C'est hier soir 23h, à son domicile, que Pierre Maudet a pris sa décision : le Maire de Genève, à quatre jours de ses 34 ans, se lance dans la course au Conseil d'Etat. Hier après-midi encore, il pesait le pour et le contre. Dans la soirée, il rendait visite, en forme de veillée d'armes, à quelques grognards canal historique, dont le mythique radical des champs John Dupraz, dans son fief de Soral. Les bouteilles de Vieilles Vignes, où le silex le dispute parfois à l'abricot, ont-elles aiguisé l'appétit sucré du destin ?

 

Pierre Maudet est l'un de nos meilleurs politiciens, non seulement à Genève mais sur l'ensemble de la Suisse. Tombé dans la marmite, il donne sa vie à la politique. Avec lui, des heures, on peut parler d'Histoire suisse ou française, mais aussi de livres. Il a, comme Manuel Tornare, comme Pascal Couchepin, une véritable culture, un arrière-pays. Tous les politiques, aujourd'hui, ne donnent pas cette impression.

 

Sa candidature est courageuse. Il a plus à perdre qu'à gagner. En cas de non-élection, le retour en Ville, pour trois ans, ne sera pas facile. Il y a donc un très grand risque, il choisit de le courir, chapeau ! A partir de là, quid ? Franchement, je n'en sais rien ! Je rêverais, pour l'isocèle perfection du triangle, de le voir aux prises avec Manuel Tornare (qui se prononcera le jeudi 8 mars à 19h) et Eric Stauffer. Trois visions pour Genève. Et je dois dire, aujourd'hui 2 mars, que le camp socialiste a pas mal de chances de l'emporter. A condition qu'il choisisse le meilleur, et sache faire, pour un temps, l'économie de l'idéologie des quotas.

 

Si Maudet était élu, il y aurait, pour seize mois en tout cas, deux radicaux.

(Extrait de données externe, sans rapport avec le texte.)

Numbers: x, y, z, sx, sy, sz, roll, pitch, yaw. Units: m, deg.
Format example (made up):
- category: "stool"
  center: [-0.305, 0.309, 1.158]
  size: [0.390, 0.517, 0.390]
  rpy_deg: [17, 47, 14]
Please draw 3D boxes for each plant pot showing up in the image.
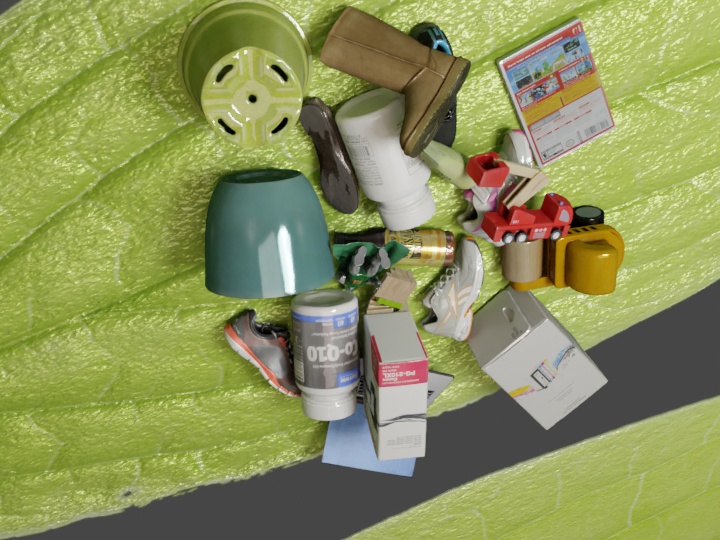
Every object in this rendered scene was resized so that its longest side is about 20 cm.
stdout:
- category: "plant pot"
  center: [-0.154, -0.260, 1.089]
  size: [0.199, 0.184, 0.201]
  rpy_deg: [-4, 118, -8]
- category: "plant pot"
  center: [-0.142, -0.065, 1.194]
  size: [0.199, 0.201, 0.162]
  rpy_deg: [-5, 106, -9]

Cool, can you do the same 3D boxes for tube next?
- category: "tube"
  center: [0.125, -0.164, 1.190]
  size: [0.058, 0.200, 0.052]
  rpy_deg: [0, 85, 26]

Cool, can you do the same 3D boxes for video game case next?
- category: "video game case"
  center: [0.316, -0.281, 1.267]
  size: [0.142, 0.017, 0.200]
  rpy_deg: [-28, 119, 4]

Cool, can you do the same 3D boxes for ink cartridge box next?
- category: "ink cartridge box"
  center: [0.055, 0.191, 1.309]
  size: [0.084, 0.145, 0.201]
  rpy_deg: [-5, 119, -8]
- category: "ink cartridge box"
  center: [0.306, 0.148, 1.414]
  size: [0.145, 0.147, 0.200]
  rpy_deg: [-41, 117, 11]

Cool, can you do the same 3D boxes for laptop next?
- category: "laptop"
  center: [0.049, 0.269, 1.438]
  size: [0.186, 0.116, 0.200]
  rpy_deg: [13, 138, -18]

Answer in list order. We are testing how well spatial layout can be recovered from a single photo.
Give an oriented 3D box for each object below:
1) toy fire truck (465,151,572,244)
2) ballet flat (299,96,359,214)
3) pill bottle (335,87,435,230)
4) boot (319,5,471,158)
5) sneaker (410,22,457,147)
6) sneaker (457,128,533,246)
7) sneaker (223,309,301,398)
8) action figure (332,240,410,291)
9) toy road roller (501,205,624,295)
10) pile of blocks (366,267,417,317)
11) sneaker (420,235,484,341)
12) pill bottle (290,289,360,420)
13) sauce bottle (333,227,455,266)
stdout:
- category: "toy fire truck"
  center: [0.251, -0.113, 1.229]
  size: [0.199, 0.049, 0.142]
  rpy_deg: [-5, 128, -22]
- category: "ballet flat"
  center: [-0.043, -0.179, 1.234]
  size: [0.067, 0.046, 0.201]
  rpy_deg: [-3, 125, 28]
- category: "pill bottle"
  center: [0.046, -0.168, 1.216]
  size: [0.114, 0.114, 0.201]
  rpy_deg: [-22, 119, 1]
- category: "boot"
  center: [0.031, -0.264, 1.109]
  size: [0.199, 0.066, 0.176]
  rpy_deg: [27, 69, 14]
- category: "sneaker"
  center: [0.112, -0.266, 1.198]
  size: [0.073, 0.082, 0.201]
  rpy_deg: [-15, 120, -5]
- category: "sneaker"
  center: [0.216, -0.135, 1.287]
  size: [0.088, 0.081, 0.201]
  rpy_deg: [6, 115, -16]
- category: "sneaker"
  center: [-0.142, 0.143, 1.366]
  size: [0.082, 0.077, 0.200]
  rpy_deg: [-43, 118, 5]
- category: "action figure"
  center: [0.000, 0.000, 1.269]
  size: [0.117, 0.200, 0.055]
  rpy_deg: [8, 75, -8]
- category: "toy road roller"
  center: [0.348, -0.022, 1.334]
  size: [0.199, 0.146, 0.123]
  rpy_deg: [-9, 118, -6]
- category: "pile of blocks"
  center: [0.044, 0.068, 1.362]
  size: [0.082, 0.062, 0.201]
  rpy_deg: [-3, 129, -9]
- category: "sneaker"
  center: [0.155, 0.033, 1.369]
  size: [0.091, 0.076, 0.201]
  rpy_deg: [4, 115, -8]
- category: "pill bottle"
  center: [-0.057, 0.142, 1.336]
  size: [0.113, 0.114, 0.201]
  rpy_deg: [-5, 105, -9]
- category: "sauce bottle"
  center: [0.055, -0.039, 1.313]
  size: [0.199, 0.066, 0.066]
  rpy_deg: [0, 117, -10]
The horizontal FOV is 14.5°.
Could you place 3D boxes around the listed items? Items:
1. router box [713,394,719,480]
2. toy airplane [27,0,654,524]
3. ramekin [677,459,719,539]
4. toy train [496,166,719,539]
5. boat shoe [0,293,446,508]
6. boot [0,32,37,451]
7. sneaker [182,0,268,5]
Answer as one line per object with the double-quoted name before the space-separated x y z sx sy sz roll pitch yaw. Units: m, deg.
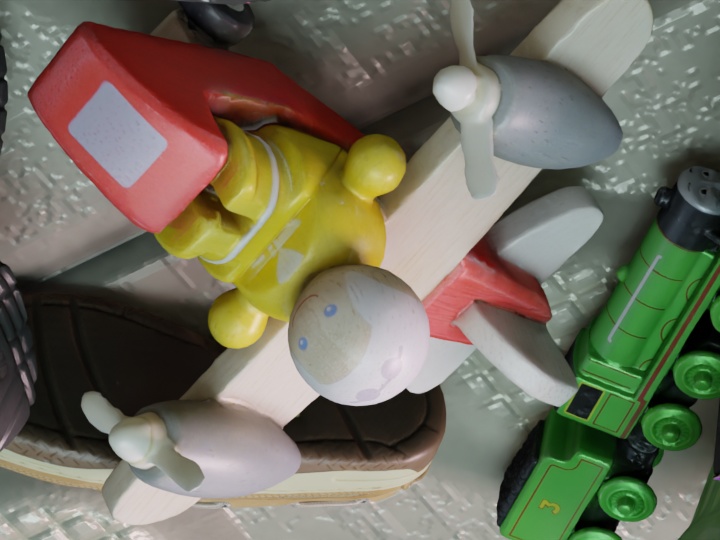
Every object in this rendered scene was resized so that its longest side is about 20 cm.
"router box" 0.197 -0.025 0.889 0.149 0.200 0.051 7 175 -8
"toy airplane" 0.000 0.000 0.934 0.199 0.141 0.200 -8 126 -5
"ramekin" 0.214 0.095 1.006 0.200 0.098 0.200 16 160 6
"toy train" 0.104 0.036 1.040 0.056 0.042 0.200 21 130 -5
"boat shoe" -0.072 0.062 1.048 0.200 0.072 0.076 10 148 -8
"boot" -0.187 -0.029 0.954 0.132 0.070 0.200 8 111 27
"sneaker" -0.104 -0.137 0.851 0.200 0.086 0.080 7 163 -20
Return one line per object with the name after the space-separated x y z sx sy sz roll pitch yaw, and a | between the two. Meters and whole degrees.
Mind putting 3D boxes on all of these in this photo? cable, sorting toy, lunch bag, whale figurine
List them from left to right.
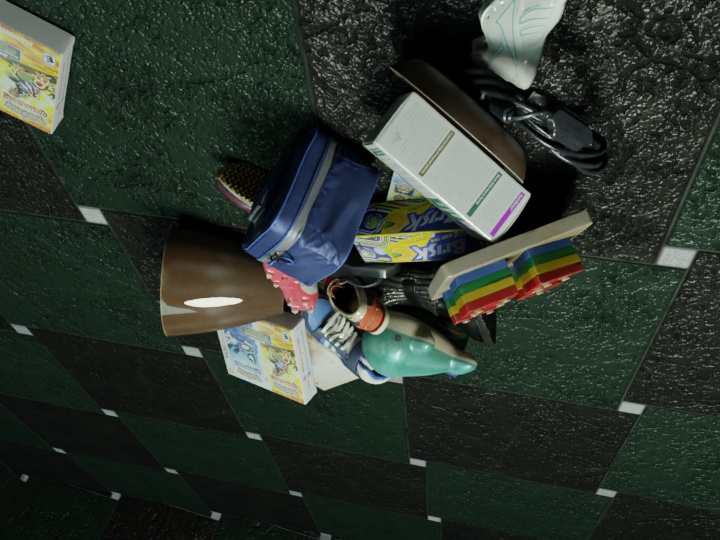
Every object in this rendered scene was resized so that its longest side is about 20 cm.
-0.078 -0.084 0.967 0.132 0.202 0.136 31 149 -19 | lunch bag
0.094 0.145 1.208 0.198 0.105 0.159 24 167 -4 | whale figurine
0.202 0.008 0.959 0.197 0.070 0.200 -21 170 -3 | sorting toy
0.192 -0.165 0.788 0.199 0.051 0.163 13 -160 -42 | cable

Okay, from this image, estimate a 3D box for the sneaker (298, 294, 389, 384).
-0.016 0.127 1.299 0.201 0.081 0.146 53 161 -26 | sneaker

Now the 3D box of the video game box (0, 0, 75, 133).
-0.504 -0.297 0.973 0.198 0.047 0.182 25 148 -14 | video game box

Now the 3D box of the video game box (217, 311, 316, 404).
-0.185 0.146 1.350 0.198 0.047 0.184 15 132 29 | video game box

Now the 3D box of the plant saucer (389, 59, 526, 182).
0.117 -0.175 0.800 0.199 0.201 0.032 36 103 -28 | plant saucer

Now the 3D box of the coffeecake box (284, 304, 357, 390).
-0.099 0.155 1.442 0.199 0.074 0.153 33 143 -25 | coffeecake box

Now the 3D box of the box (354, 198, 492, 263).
0.091 -0.058 1.026 0.198 0.065 0.070 -3 143 25 | box

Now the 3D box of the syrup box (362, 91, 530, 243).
0.107 -0.126 0.884 0.199 0.082 0.079 39 -179 -14 | syrup box

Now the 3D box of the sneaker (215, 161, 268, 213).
-0.140 -0.089 1.099 0.198 0.076 0.090 27 141 -15 | sneaker

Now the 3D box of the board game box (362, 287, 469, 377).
0.098 0.115 1.302 0.198 0.029 0.135 23 148 14 | board game box

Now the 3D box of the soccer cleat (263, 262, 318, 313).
-0.110 -0.003 1.152 0.066 0.077 0.201 -3 148 11 | soccer cleat

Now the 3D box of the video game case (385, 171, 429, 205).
0.113 -0.113 1.011 0.141 0.018 0.201 15 147 1 | video game case

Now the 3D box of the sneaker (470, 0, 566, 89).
0.162 -0.268 0.715 0.079 0.071 0.201 17 148 2 | sneaker

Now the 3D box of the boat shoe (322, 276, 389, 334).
-0.021 0.043 1.178 0.062 0.072 0.200 27 -173 -32 | boat shoe

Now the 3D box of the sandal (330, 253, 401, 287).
0.000 0.000 1.144 0.199 0.076 0.043 2 112 56 | sandal

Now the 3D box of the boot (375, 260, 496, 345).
0.133 0.055 1.193 0.156 0.080 0.212 -10 135 30 | boot

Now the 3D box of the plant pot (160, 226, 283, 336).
-0.230 0.023 1.232 0.197 0.189 0.188 2 147 -5 | plant pot
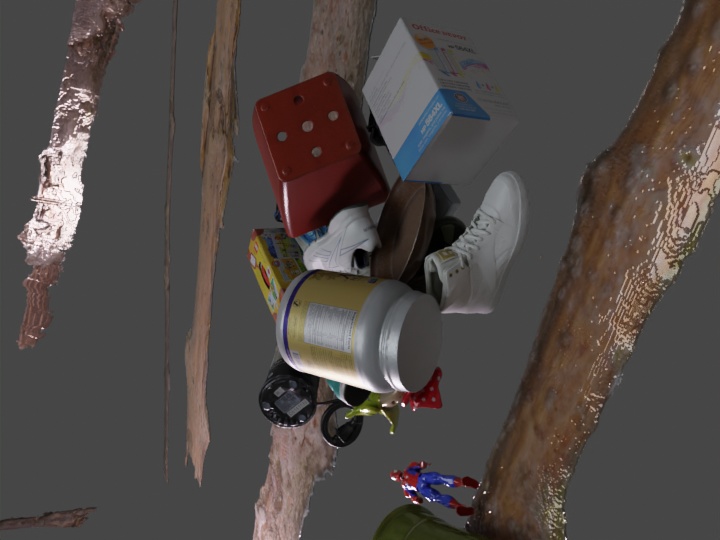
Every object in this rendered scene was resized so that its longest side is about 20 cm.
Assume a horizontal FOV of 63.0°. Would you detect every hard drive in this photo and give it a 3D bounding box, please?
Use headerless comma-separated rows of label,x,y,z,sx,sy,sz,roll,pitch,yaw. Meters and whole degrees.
hard drive,0.083,-0.081,0.962,0.134,0.026,0.202,63,143,33

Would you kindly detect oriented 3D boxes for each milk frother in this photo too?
milk frother,-0.091,0.241,1.212,0.189,0.176,0.204,-81,-32,-67

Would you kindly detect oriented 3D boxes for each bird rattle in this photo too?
bird rattle,0.051,0.175,0.986,0.201,0.110,0.166,125,148,-43

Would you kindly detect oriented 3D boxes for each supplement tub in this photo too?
supplement tub,-0.002,0.081,0.796,0.196,0.144,0.150,7,101,34

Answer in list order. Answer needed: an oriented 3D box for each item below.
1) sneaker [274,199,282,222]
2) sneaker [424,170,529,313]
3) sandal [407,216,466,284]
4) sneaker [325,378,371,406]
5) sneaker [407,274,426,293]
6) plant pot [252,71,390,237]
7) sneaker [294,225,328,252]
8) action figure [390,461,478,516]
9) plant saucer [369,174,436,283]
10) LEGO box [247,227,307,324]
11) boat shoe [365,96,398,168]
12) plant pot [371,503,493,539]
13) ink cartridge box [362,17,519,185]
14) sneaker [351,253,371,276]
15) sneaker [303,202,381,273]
sneaker,-0.119,-0.095,1.221,0.203,0.109,0.074,63,143,33
sneaker,0.148,-0.031,0.773,0.074,0.113,0.205,40,126,51
sandal,0.109,-0.001,0.897,0.058,0.078,0.204,-93,22,-53
sneaker,-0.004,0.118,0.996,0.119,0.083,0.204,10,69,54
sneaker,0.067,0.090,0.895,0.201,0.089,0.067,-48,60,11
plant pot,-0.071,-0.198,0.948,0.176,0.195,0.205,70,180,-80
sneaker,-0.080,-0.076,1.144,0.203,0.088,0.078,61,-168,-7
action figure,0.107,0.344,0.947,0.199,0.051,0.067,-19,57,61
plant saucer,0.066,-0.057,0.880,0.200,0.036,0.206,-164,89,-75
LEGO box,-0.134,0.005,1.224,0.202,0.145,0.078,59,140,37
boat shoe,0.040,-0.233,0.944,0.067,0.071,0.202,-39,49,13
plant pot,0.134,0.441,0.813,0.187,0.197,0.206,-16,80,46
ink cartridge box,0.100,-0.239,0.812,0.126,0.126,0.204,-52,51,46
sneaker,0.000,0.000,1.032,0.116,0.074,0.205,109,145,-68
sneaker,-0.034,-0.027,0.971,0.089,0.073,0.200,61,145,12
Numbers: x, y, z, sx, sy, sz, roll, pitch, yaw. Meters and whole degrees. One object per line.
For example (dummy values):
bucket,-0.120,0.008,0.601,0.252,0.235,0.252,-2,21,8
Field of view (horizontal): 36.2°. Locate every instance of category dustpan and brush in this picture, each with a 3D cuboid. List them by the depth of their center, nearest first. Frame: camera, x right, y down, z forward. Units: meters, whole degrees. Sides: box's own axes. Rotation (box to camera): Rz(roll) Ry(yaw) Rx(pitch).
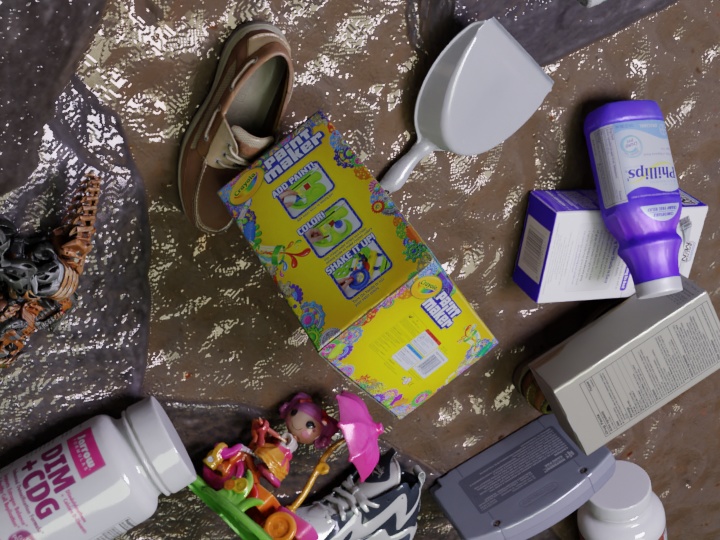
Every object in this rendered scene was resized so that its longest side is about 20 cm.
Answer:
dustpan and brush,0.086,-0.141,1.080,0.139,0.057,0.200,32,95,-47

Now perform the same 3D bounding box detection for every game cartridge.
game cartridge,0.192,0.248,1.291,0.199,0.133,0.041,-29,118,-6

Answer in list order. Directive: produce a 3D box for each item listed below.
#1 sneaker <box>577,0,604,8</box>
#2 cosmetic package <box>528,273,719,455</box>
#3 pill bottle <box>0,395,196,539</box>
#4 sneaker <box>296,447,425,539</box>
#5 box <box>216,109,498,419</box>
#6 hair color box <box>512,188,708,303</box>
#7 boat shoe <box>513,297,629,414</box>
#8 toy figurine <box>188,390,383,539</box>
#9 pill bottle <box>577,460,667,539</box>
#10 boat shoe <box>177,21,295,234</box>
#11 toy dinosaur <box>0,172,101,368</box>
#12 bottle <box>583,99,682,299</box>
sneaker,0.244,-0.334,0.992,0.118,0.074,0.201,-30,157,-4
cosmetic package,0.297,0.100,1.212,0.199,0.071,0.106,-31,116,-3
pill bottle,-0.269,0.212,1.072,0.199,0.113,0.114,-30,125,-8
sneaker,-0.008,0.254,1.236,0.198,0.080,0.130,10,111,-28
box,0.000,0.000,0.987,0.122,0.193,0.200,-38,149,3
hair color box,0.275,-0.030,1.215,0.199,0.065,0.110,-2,117,-22
boat shoe,0.278,0.102,1.287,0.200,0.068,0.072,-36,124,-3
toy figurine,-0.068,0.199,1.150,0.184,0.200,0.150,-46,151,-19
pill bottle,0.341,0.347,1.428,0.112,0.112,0.201,-23,124,-11
boat shoe,-0.111,-0.120,0.982,0.075,0.072,0.201,7,114,-27
toy dinosaur,-0.297,-0.003,0.970,0.135,0.102,0.201,25,87,-48
bottle,0.287,-0.073,1.132,0.083,0.065,0.201,-6,80,-23

Et alors ? Il pourrait bien y en avoir sept, comme dans les temps fédéraux bénis de 1848-1891, ou sept socialistes, si c'étaient les sept meilleurs ! Notre gouvernement actuel va si mal, et Genève avec lui, que les pesée d'apothicaires sont hors-sujet. Genève a besoin des meilleurs. Et ce Conseil d'Etat-là, pour éviter que la fin de législature se fasse sous perfusion, a besoin de combler le septième manquant par une très forte personnalité. Du nouveau conseiller d'Etat, on attend qu'aussitôt arrivé sur le terrain, il se mette, tel un remplaçant du banc de touche en football, à se mêler de tout, fasse bénéficier de sa fraîcheur l'équipe fatiguée.

 

Si les socialistes écartent le meilleur d'entre eux, alors oui, Pierre Maudet aura ses chances. Si au contraire, faisant la révolution copernicienne de jeter aux orties une idéologie paritaire qui leur a sans doute coûté le deuxième siège en 2009, ils envoient Tornare dans la bataille, la machine à faire des voix pourrait bien renvoyer le brillant radical en Ville. Pour l'heure, tout est ouvert. La campagne du printemps 2012 ne fait que commencer.